“A Source Representation Space Approach to Digital Array Processing”

by Kevin M. Buckley

July 1986

This dissertation describes the development and application of a model for sources, as observed by a sensor array processing structure, which accounts for variation in source propagation and observation parameters.

The source observation is a KL-dimensional vector which contains L delayed samples of the output of the elements of a generally configured array of K sensors. The model, termed a Source Representation Space, is an efficient 2nd order characterization of source observations. It is the subspace of the KL -dimensional observation vector space which, for the selected dimension and range of source parameter variation, contains the maximum observed source energy of any equal dimension subspace. It is defined as the span of the significant eigenvectors of a properly constructed Hermitian source sample covariance matrix. The model is generally formulated to represent sources over ranges of propagation and observation parameters. The principle application addressed in this dissertation is the representation of sources over ranges of location and frequency.

The source representation space is used as a source model for spatial/spectral filtering. For this application, where beamformer response is naturally considered in terms of 2nd order characteristics, this representation is employed very effectively. The new representation is used in the control of portions of the response of a broadband linearly-constrained minimum variance beamformer. A class of eigenvector constraints are derived which, compared to existing response point and derivative constraints, is illustrated to provide better response control. Also, a deterministic beamformer design procedure is formulated based on the developed eigenvector constraints. With the procedure, beamformers for broadband and arbitrarily configured arrays can be effectively designed. To date, a general design procedure for broadband and arbitrarily configured array beamformers has not been presented.

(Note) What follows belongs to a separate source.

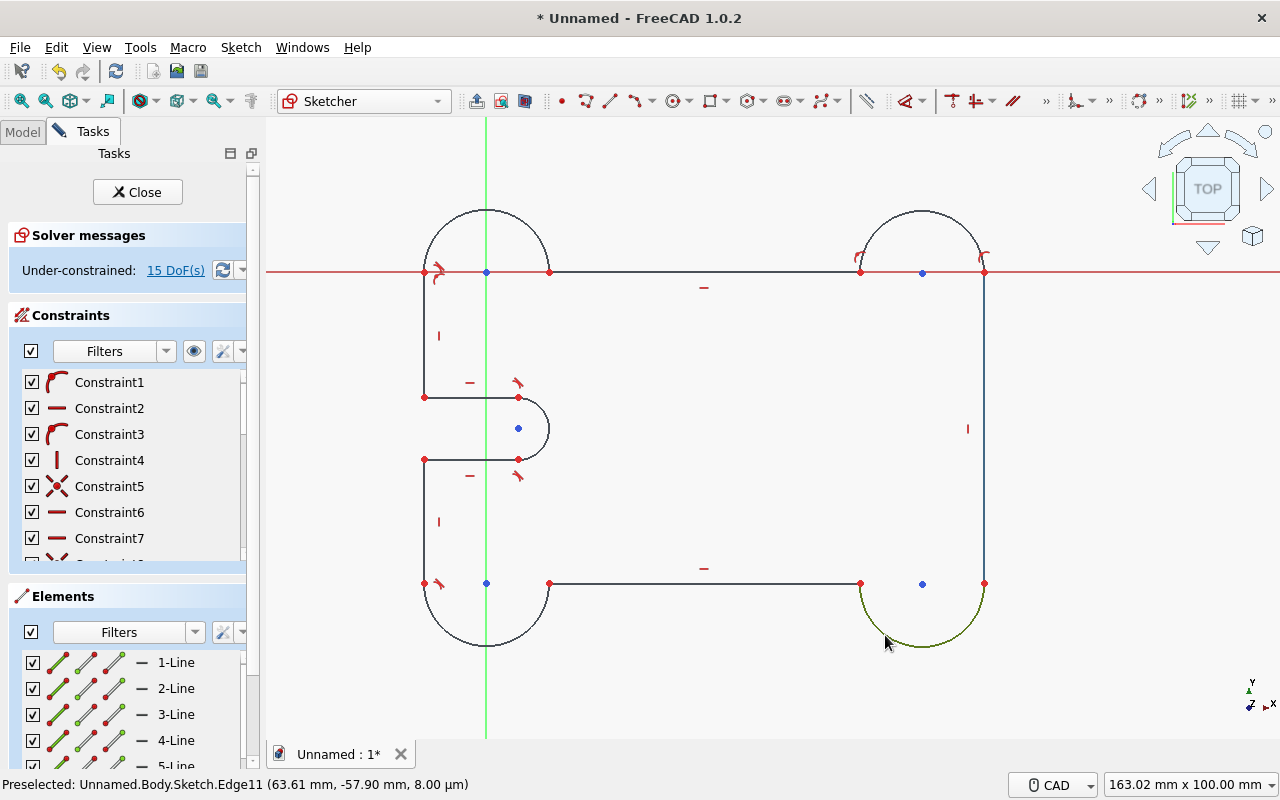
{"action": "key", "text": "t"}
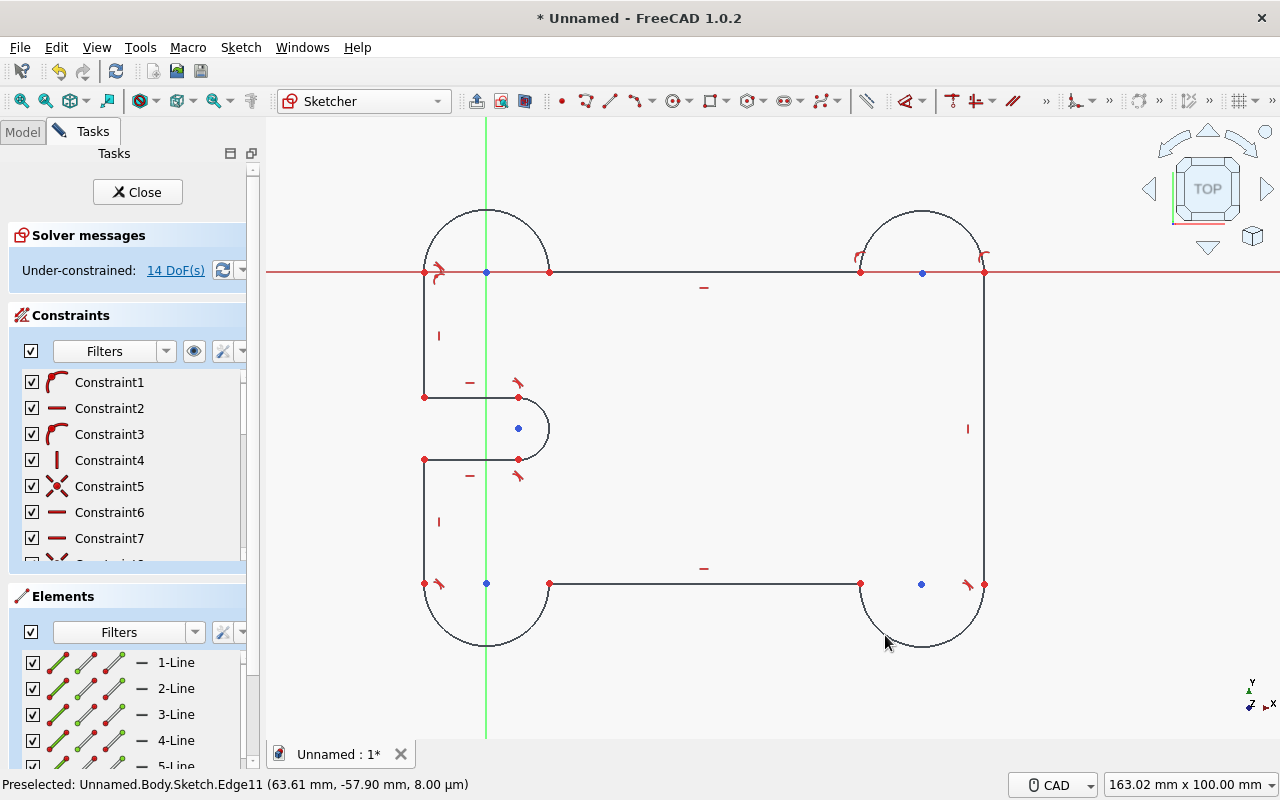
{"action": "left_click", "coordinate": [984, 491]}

For application to broadband Source Location Estimation (SLE), several new broadband spatial spectra estimation algorithms are developed. For power spatial spectra estimation, deterministic and minimum variance beamformers are employed which are designed using eigenvector linear constraints. For eigenvector based high resolution methods, the source representation space is used: 1) to provide valuable insight for algorithm development; 2) as a model of sources for direct broadband data processing algorithms; and 3) to derive transformations which provide source focusing.